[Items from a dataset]
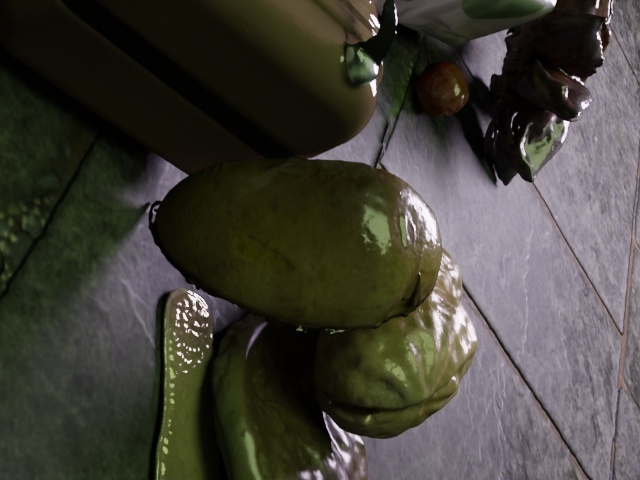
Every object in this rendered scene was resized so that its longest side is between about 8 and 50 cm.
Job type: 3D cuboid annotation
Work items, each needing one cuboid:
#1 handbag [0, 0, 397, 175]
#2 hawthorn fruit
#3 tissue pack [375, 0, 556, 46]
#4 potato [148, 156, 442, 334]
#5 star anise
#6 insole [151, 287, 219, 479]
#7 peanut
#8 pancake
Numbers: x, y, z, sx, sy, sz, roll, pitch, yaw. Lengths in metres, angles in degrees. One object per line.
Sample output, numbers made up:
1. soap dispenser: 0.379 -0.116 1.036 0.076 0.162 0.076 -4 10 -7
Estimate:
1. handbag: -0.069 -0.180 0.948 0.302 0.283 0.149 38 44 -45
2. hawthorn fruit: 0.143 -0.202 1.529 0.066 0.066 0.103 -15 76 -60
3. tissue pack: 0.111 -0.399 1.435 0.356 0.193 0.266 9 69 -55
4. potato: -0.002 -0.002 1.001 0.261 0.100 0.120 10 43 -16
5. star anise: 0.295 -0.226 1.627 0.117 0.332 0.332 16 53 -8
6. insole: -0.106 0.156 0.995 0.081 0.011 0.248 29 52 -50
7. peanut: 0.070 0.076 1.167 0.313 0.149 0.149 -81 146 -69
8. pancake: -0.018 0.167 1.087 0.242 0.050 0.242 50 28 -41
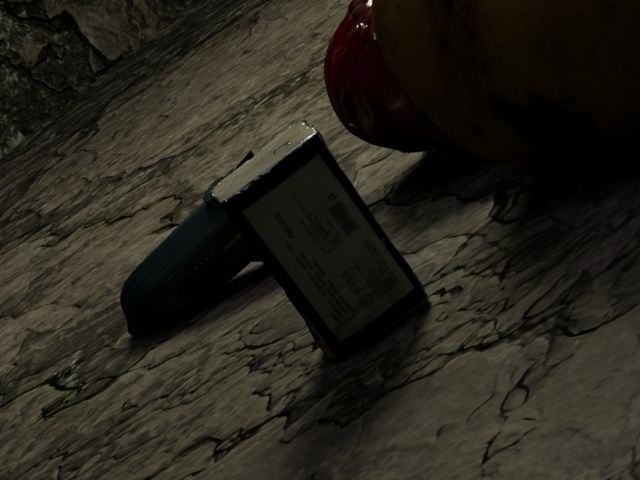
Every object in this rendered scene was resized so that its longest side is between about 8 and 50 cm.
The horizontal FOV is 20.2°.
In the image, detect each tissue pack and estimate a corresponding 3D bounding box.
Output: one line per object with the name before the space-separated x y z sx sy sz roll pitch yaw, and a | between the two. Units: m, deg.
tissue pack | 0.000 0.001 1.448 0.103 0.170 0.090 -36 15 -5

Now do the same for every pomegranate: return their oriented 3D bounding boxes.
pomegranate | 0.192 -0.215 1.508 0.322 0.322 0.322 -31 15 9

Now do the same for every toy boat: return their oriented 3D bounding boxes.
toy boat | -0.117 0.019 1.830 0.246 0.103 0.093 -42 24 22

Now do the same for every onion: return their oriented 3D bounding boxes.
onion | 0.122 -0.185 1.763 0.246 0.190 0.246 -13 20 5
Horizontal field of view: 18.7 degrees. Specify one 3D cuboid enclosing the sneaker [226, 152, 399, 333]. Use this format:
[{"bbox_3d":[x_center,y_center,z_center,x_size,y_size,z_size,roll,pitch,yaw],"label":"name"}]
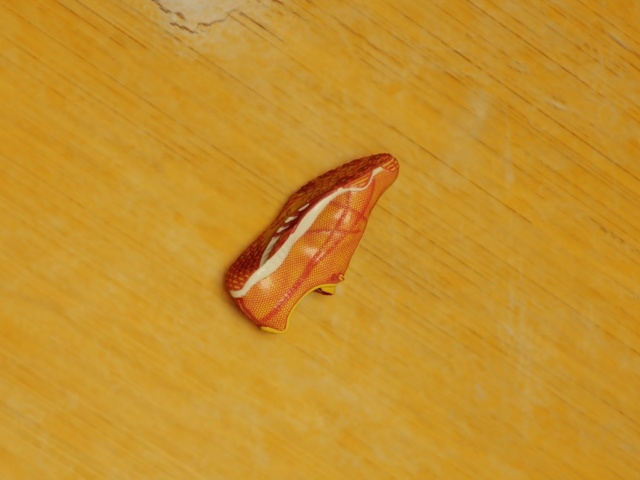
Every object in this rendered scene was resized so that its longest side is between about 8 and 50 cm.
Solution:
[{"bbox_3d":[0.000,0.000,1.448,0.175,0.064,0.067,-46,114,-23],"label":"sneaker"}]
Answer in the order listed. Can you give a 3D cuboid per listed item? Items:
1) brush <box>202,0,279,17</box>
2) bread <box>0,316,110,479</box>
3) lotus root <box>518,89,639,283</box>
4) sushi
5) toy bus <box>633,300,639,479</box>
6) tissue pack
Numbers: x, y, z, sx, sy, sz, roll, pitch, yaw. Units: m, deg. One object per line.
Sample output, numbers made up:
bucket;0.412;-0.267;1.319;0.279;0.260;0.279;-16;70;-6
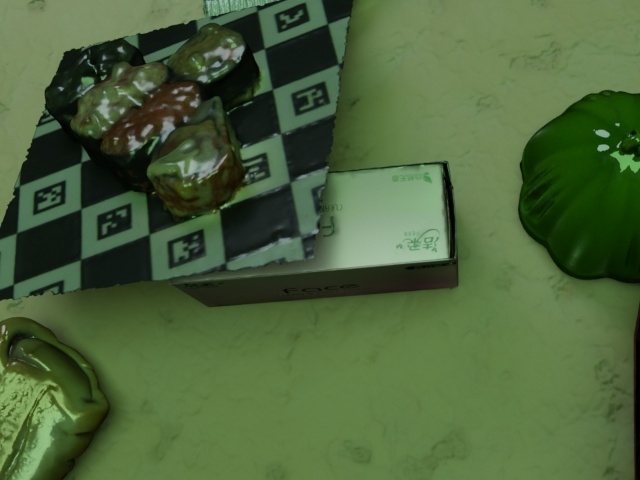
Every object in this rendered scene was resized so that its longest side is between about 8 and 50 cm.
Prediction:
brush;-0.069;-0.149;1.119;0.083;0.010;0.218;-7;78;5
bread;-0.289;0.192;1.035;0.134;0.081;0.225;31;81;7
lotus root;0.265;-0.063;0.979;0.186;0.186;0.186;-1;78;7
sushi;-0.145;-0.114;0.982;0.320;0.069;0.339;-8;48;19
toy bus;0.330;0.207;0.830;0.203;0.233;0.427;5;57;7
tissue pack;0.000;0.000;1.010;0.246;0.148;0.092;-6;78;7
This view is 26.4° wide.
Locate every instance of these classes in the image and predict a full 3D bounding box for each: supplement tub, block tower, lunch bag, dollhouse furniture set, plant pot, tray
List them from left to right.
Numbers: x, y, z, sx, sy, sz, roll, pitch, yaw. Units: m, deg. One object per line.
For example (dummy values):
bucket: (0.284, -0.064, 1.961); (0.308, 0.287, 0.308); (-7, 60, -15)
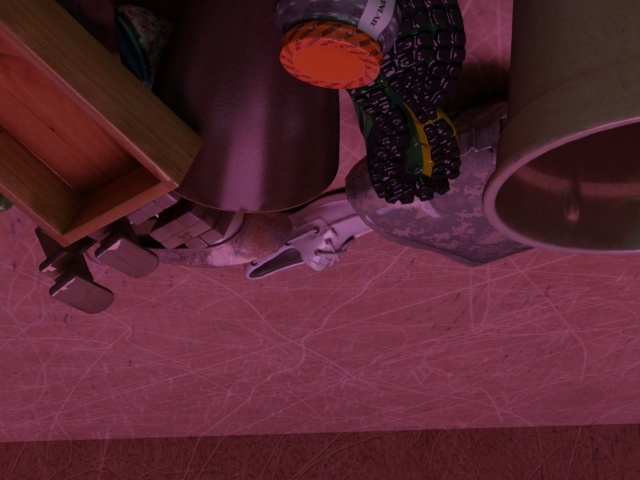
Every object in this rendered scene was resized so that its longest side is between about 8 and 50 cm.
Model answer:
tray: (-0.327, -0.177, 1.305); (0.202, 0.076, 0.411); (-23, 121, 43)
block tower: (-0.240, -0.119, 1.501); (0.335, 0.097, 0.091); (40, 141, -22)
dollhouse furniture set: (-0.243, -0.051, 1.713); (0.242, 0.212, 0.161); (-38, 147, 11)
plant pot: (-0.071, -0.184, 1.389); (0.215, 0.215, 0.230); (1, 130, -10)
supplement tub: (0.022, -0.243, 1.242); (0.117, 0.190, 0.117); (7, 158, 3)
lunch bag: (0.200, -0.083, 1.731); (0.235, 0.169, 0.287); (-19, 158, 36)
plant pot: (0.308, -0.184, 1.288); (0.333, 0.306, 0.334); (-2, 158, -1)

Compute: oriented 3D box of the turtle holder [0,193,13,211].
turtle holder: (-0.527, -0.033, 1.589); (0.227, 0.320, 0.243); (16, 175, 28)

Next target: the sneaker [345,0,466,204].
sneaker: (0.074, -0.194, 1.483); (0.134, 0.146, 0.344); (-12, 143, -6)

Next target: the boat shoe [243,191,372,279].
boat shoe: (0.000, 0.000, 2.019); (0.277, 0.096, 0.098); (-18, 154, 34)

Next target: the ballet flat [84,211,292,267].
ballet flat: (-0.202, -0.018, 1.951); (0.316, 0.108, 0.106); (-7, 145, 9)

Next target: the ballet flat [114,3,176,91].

▶ What you will do: Go through the lines above and copy any that contain "view".

▶ Your solution:
Horizontal field of view: 18.7 degrees. Specify one 3D cuboid enclosing the sneaker [226, 152, 399, 333]. Use this format:
This view is 26.4° wide.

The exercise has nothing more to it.